Target of amendment: “Detailed description of the invention” in the specification Format B
゛・,°”° ' 6. Contents of amendment (1) Specification @ page 10, line 1l, approximately rlomg.''
Correct it to "r 10 ms". (2) r KmK1. on page 13, line 1 of the same book. ...,
2; i=1. ..., 2)" is written as r(x=x1..., Km : i =11...

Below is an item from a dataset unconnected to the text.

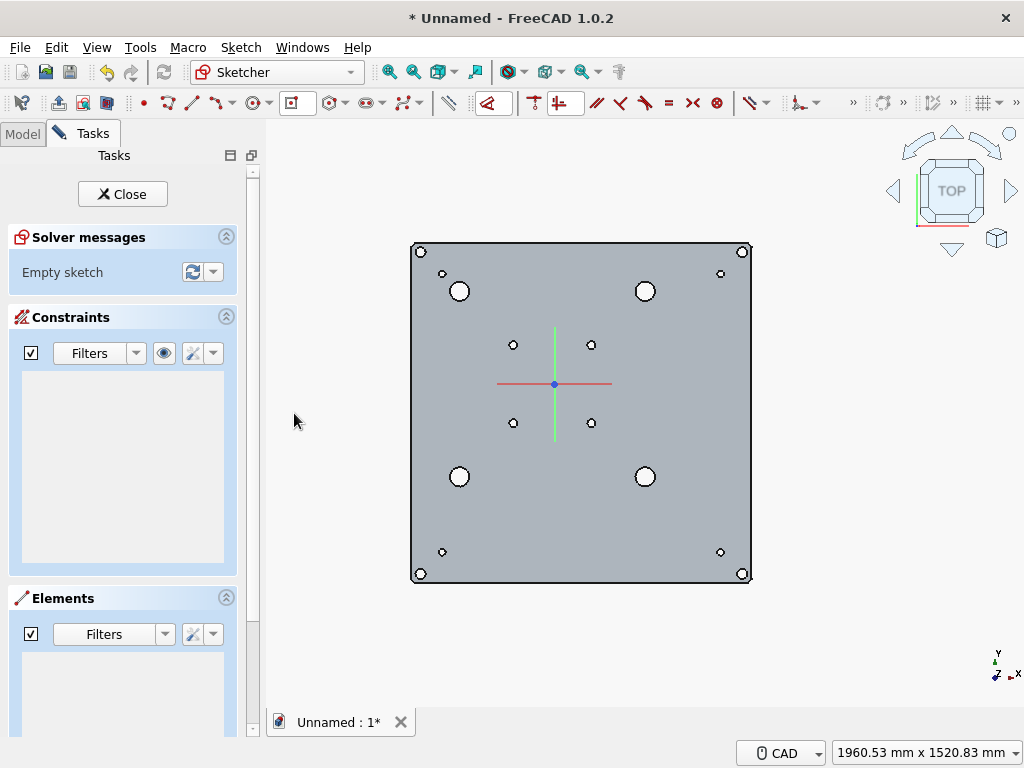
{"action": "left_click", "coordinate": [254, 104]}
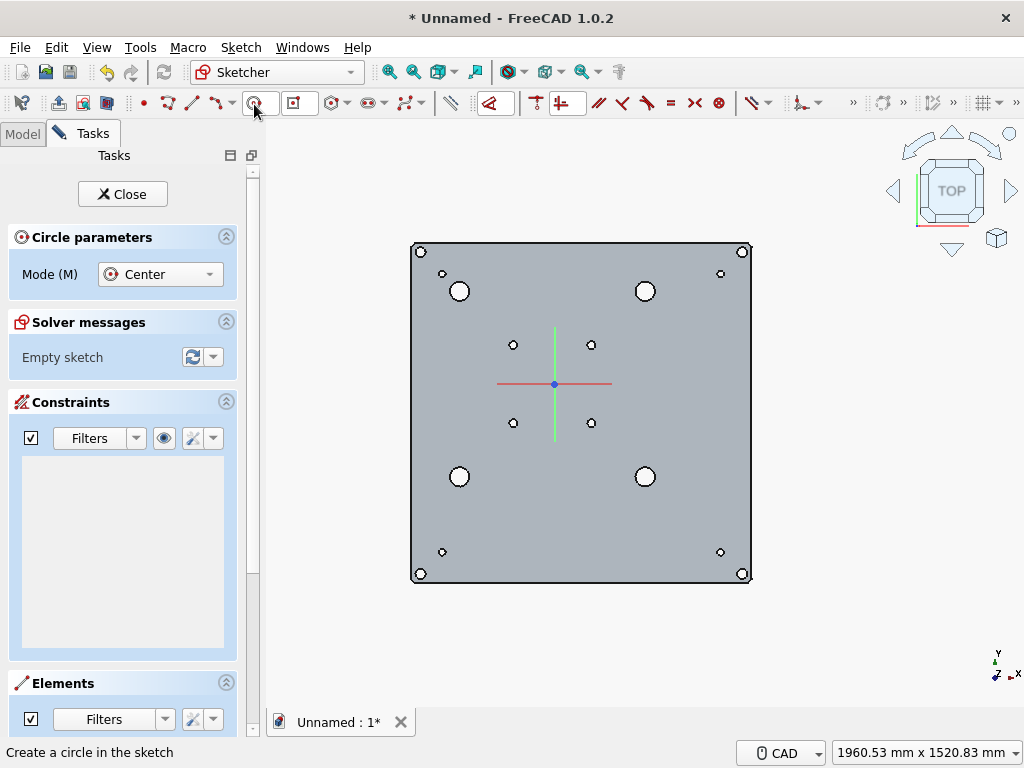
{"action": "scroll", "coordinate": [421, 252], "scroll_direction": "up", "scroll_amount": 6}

, N)". (3) r KECKL on the fourth line from the bottom of the same page in the same book,
Km 1J is corrected as [Kε(Kl #Km].

Claims

[Claims] A process of frequency-analyzing input speech and extracting analysis data of a plurality of channels for each speech frame, and averaging all the analysis data of all speech frames in a predetermined noise interval to obtain a noise average power. a process of calculating the average power by averaging all the analysis data corresponding to the frame for each audio frame of the input audio; and calculating the average power and the noise average power for each audio frame of the input audio. A process of calculating the voice average power which is the difference between the spectral normalized and With respect to the analysis data, the presence or absence of a local maximum value along the frequency axis, that is, a local peak, is determined based on the least square approximation straight line, and if there is a local peak, it is set as "1".
A process of converting a binarized input audio into a local peak pattern with "0" in the case of no local peak, and a process of converting a plurality of standard patterns represented by a local peak pattern prepared in advance and the local The degree of similarity with the peak pattern is calculated for each normalized voice frame between the standard pattern and the input voice, and the degree of similarity is weighted by the voice average power, and the degree of similarity is calculated for each normalized voice frame between the standard pattern and the input voice. A speech recognition method comprising: a process of calculating a final similarity by accumulating the final similarity for each standard pattern; and a process of determining, as a recognition result, a category name of a standard pattern corresponding to the maximum value of the final similarity for each standard pattern.